Task instructions -
Which of the lines in the data mention the string "degrees"? List them all.

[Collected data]

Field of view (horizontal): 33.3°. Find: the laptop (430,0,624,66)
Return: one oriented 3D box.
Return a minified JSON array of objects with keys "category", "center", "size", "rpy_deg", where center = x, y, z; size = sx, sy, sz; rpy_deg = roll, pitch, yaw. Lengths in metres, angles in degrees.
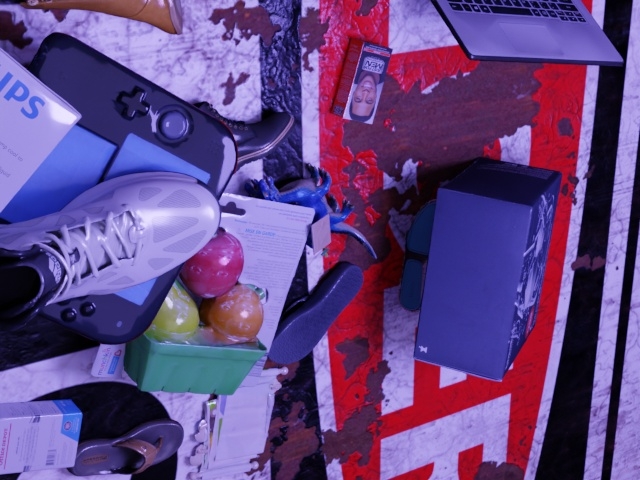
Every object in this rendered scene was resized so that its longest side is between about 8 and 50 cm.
[{"category":"laptop","center":[0.374,-0.539,1.919],"size":[0.381,0.408,0.236],"rpy_deg":[-4,144,-32]}]

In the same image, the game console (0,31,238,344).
[{"category":"game console","center":[-0.337,-0.063,1.589],"size":[0.342,0.060,0.387],"rpy_deg":[28,91,-29]}]

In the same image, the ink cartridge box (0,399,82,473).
[{"category":"ink cartridge box","center":[-0.497,0.326,1.779],"size":[0.180,0.060,0.104],"rpy_deg":[2,108,-35]}]

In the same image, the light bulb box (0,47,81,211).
[{"category":"light bulb box","center":[-0.557,-0.126,1.371],"size":[0.361,0.358,0.225],"rpy_deg":[-52,129,-7]}]

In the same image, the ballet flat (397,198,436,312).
[{"category":"ballet flat","center":[0.209,0.028,2.136],"size":[0.077,0.091,0.241],"rpy_deg":[-17,127,-62]}]

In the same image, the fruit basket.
[{"category":"fruit basket","center":[-0.199,0.082,1.817],"size":[0.327,0.165,0.353],"rpy_deg":[8,103,-36]}]

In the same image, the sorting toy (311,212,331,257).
[{"category":"sorting toy","center":[0.000,0.000,1.892],"size":[0.062,0.012,0.083],"rpy_deg":[-40,134,-49]}]

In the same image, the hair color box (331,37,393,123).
[{"category":"hair color box","center":[0.075,-0.287,1.930],"size":[0.072,0.043,0.141],"rpy_deg":[6,106,-36]}]

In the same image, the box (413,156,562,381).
[{"category":"box","center":[0.326,0.045,2.057],"size":[0.312,0.178,0.343],"rpy_deg":[-34,133,-62]}]

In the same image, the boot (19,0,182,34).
[{"category":"boot","center":[-0.330,-0.372,1.586],"size":[0.211,0.295,0.104],"rpy_deg":[-11,76,5]}]

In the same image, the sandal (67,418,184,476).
[{"category":"sandal","center":[-0.341,0.378,1.905],"size":[0.219,0.060,0.090],"rpy_deg":[-5,111,-32]}]

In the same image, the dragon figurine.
[{"category":"dragon figurine","center":[-0.021,-0.039,1.938],"size":[0.144,0.085,0.289],"rpy_deg":[-45,126,-11]}]

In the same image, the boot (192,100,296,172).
[{"category":"boot","center":[-0.147,-0.196,1.803],"size":[0.198,0.077,0.137],"rpy_deg":[-36,119,-18]}]

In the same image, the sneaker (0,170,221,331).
[{"category":"sneaker","center":[-0.325,0.035,1.452],"size":[0.447,0.257,0.169],"rpy_deg":[-17,107,-16]}]

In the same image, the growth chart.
[{"category":"growth chart","center":[-0.161,0.348,2.039],"size":[0.172,0.021,0.237],"rpy_deg":[7,104,-35]}]

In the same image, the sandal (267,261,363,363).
[{"category":"sandal","center":[-0.018,0.140,2.041],"size":[0.254,0.054,0.097],"rpy_deg":[-43,134,-24]}]
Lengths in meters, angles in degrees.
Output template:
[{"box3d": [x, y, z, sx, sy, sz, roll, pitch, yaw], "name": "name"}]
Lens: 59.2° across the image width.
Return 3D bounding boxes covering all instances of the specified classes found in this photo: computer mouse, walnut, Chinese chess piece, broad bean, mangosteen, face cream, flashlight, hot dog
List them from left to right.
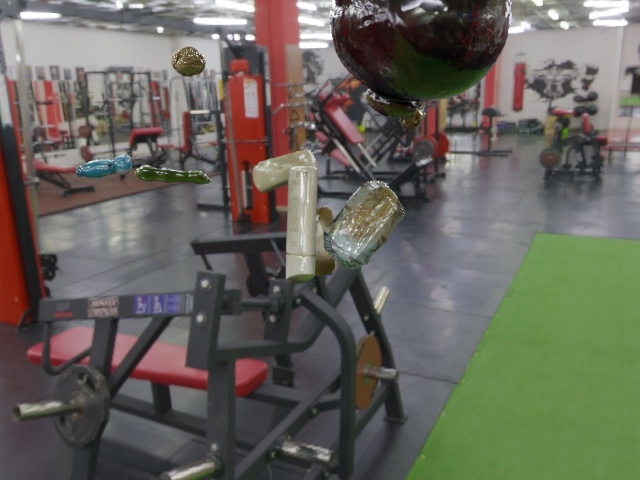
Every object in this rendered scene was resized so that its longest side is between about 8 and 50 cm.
[{"box3d": [-0.519, -0.177, 1.355, 0.129, 0.051, 0.051, -8, 16, -9], "name": "flashlight"}, {"box3d": [-0.487, -0.215, 1.869, 0.256, 0.052, 0.052, 3, 2, -19], "name": "broad bean"}, {"box3d": [-0.364, -0.496, 1.564, 0.078, 0.083, 0.096, 29, 31, 32], "name": "walnut"}, {"box3d": [-0.134, -0.263, 2.126, 0.249, 0.103, 0.250, -18, 2, 1], "name": "Chinese chess piece"}, {"box3d": [-0.057, -0.042, 1.679, 0.081, 0.349, 0.173, 1, 1, -17], "name": "face cream"}, {"box3d": [0.000, 0.000, 2.001, 0.125, 0.245, 0.056, -9, -14, 31], "name": "computer mouse"}, {"box3d": [0.127, -0.045, 1.633, 0.162, 0.270, 0.082, 39, -1, 8], "name": "hot dog"}, {"box3d": [0.164, -0.364, 0.955, 0.296, 0.298, 0.293, -1, -8, 2], "name": "mangosteen"}]
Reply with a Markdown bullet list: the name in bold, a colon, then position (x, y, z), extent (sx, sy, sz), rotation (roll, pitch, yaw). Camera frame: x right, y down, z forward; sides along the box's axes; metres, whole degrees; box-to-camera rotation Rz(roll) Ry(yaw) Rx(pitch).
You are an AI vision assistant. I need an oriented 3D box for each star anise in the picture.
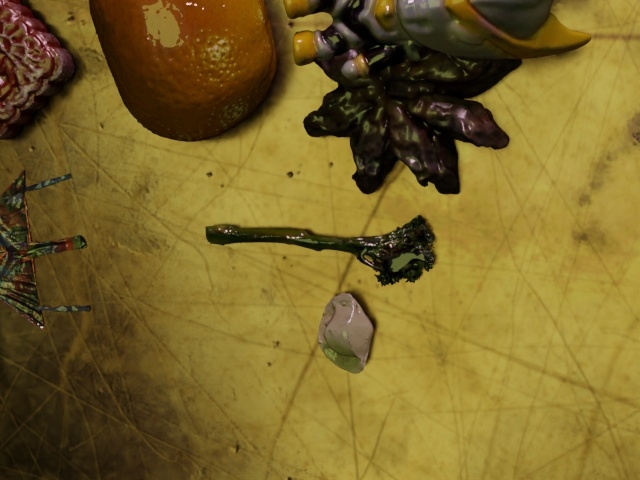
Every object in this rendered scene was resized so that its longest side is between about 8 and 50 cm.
- **star anise**: position (0.090, -0.160, 1.394), extent (0.235, 0.109, 0.223), rotation (2, 90, 11)

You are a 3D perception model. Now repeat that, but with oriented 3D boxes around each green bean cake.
- **green bean cake**: position (-0.363, -0.197, 1.489), extent (0.135, 0.056, 0.135), rotation (-44, 87, 9)

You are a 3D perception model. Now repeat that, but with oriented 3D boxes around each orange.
- **orange**: position (-0.145, -0.227, 1.399), extent (0.179, 0.158, 0.237), rotation (-19, 89, -6)

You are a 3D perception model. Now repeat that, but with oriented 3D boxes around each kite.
- **kite**: position (-0.345, 0.012, 1.522), extent (0.160, 0.010, 0.183), rotation (-7, 92, 9)

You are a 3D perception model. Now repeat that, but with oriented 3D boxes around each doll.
- **doll**: position (0.122, -0.244, 1.309), extent (0.316, 0.103, 0.146), rotation (-11, 83, 0)

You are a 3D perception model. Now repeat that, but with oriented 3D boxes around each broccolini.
- **broccolini**: position (0.001, 0.006, 1.460), extent (0.254, 0.071, 0.058), rotation (5, 136, 16)

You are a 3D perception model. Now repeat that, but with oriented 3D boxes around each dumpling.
- **dumpling**: position (0.028, 0.102, 1.454), extent (0.052, 0.057, 0.076), rotation (-43, 114, -26)
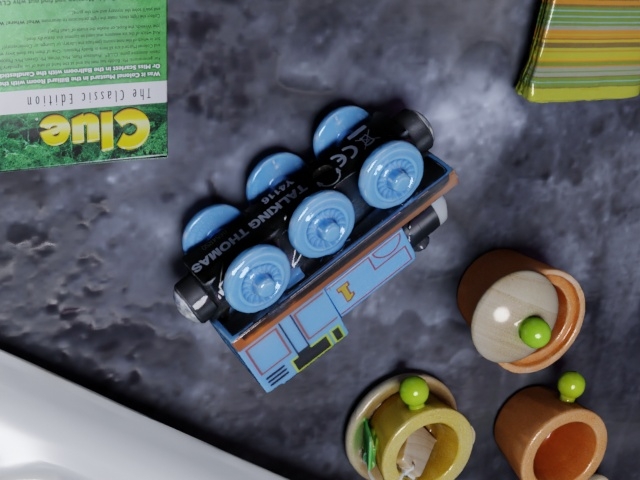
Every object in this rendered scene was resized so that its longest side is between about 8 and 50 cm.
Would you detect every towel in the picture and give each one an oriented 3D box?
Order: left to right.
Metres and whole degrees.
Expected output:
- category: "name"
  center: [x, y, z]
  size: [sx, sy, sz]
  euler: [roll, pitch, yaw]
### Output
- category: "towel"
  center: [0.187, -0.199, 0.752]
  size: [0.102, 0.021, 0.237]
  euler: [-6, 119, -32]

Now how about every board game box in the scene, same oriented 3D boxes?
- category: "board game box"
  center: [-0.203, -0.096, 0.612]
  size: [0.260, 0.030, 0.136]
  euler: [-7, 113, -24]

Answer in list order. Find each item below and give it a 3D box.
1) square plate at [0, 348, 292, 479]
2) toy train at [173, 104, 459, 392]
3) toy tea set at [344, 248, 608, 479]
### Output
- category: "square plate"
  center: [-0.152, 0.272, 0.754]
  size: [0.344, 0.049, 0.347]
  euler: [29, 101, -25]
- category: "toy train"
  center: [0.000, 0.000, 0.730]
  size: [0.184, 0.080, 0.105]
  euler: [-38, 132, -9]
- category: "toy tea set"
  center: [0.133, 0.174, 0.841]
  size: [0.200, 0.124, 0.336]
  euler: [-25, 121, -14]
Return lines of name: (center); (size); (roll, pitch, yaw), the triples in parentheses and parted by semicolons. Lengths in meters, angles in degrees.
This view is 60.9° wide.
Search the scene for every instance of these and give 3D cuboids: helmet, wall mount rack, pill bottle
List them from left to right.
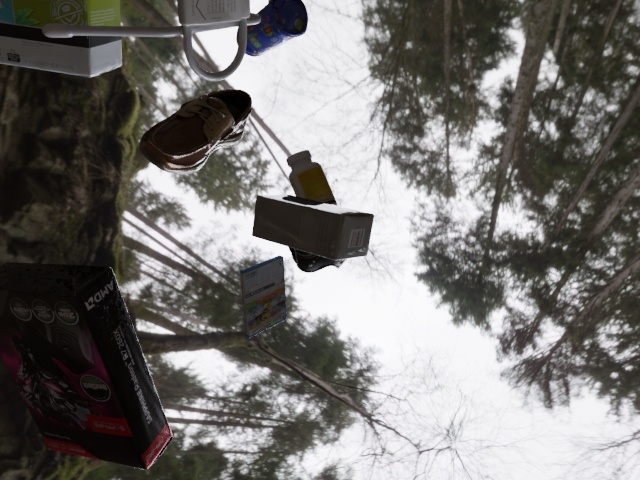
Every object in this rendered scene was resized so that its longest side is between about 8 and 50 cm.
wall mount rack: (-0.218, -0.393, 0.735); (0.131, 0.349, 0.304); (29, -140, 35)
pill bottle: (-0.030, -0.161, 1.561); (0.103, 0.103, 0.184); (-23, -94, 5)
helmet: (0.000, 0.000, 1.427); (0.162, 0.169, 0.169); (-13, -113, -9)

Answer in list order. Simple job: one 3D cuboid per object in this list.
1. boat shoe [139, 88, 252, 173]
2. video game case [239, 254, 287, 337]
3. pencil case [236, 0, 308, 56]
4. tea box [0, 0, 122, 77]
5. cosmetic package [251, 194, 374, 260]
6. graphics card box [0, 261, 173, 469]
boat shoe: (-0.234, -0.232, 1.067); (0.123, 0.324, 0.116); (37, -57, -3)
video game case: (-0.128, 0.128, 1.247); (0.015, 0.119, 0.166); (18, -61, 41)
pencil case: (-0.155, -0.652, 1.660); (0.119, 0.133, 0.306); (-57, -153, -14)
tea box: (-0.760, -0.654, 1.520); (0.329, 0.220, 0.323); (8, -64, 2)
cosmetic package: (-0.020, -0.033, 1.173); (0.238, 0.127, 0.107); (18, -76, 33)
graphics card box: (-0.415, 0.217, 0.933); (0.233, 0.370, 0.094); (2, -153, 21)

Answer to this exercise -
Return a minified JSON array of objects with keys "category", "center", "size", "rpy_deg", where center = x, y, z; size = sx, sy, sz; rpy_deg = roll, pitch, yaw. Lengths in metres, angles in degrees.
Lengths in meters, angles in degrees.
Reply with a Markdown bullet list: the name in bold, a colon, then position (x, y, z), extent (sx, sy, sz), rotation (roll, pitch, yaw). Camera frame: x right, y down, z forward; sides along the box's axes; metres, whole degrees; box-to-camera rotation Rz(roll) Ry(yaw) Rx(pitch).
Metres and whole degrees.
Return lines of name: (center); (size); (roll, pitch, yaw), the triples in parentheses and parted by semicolons. Lengths in meters, angles in degrees.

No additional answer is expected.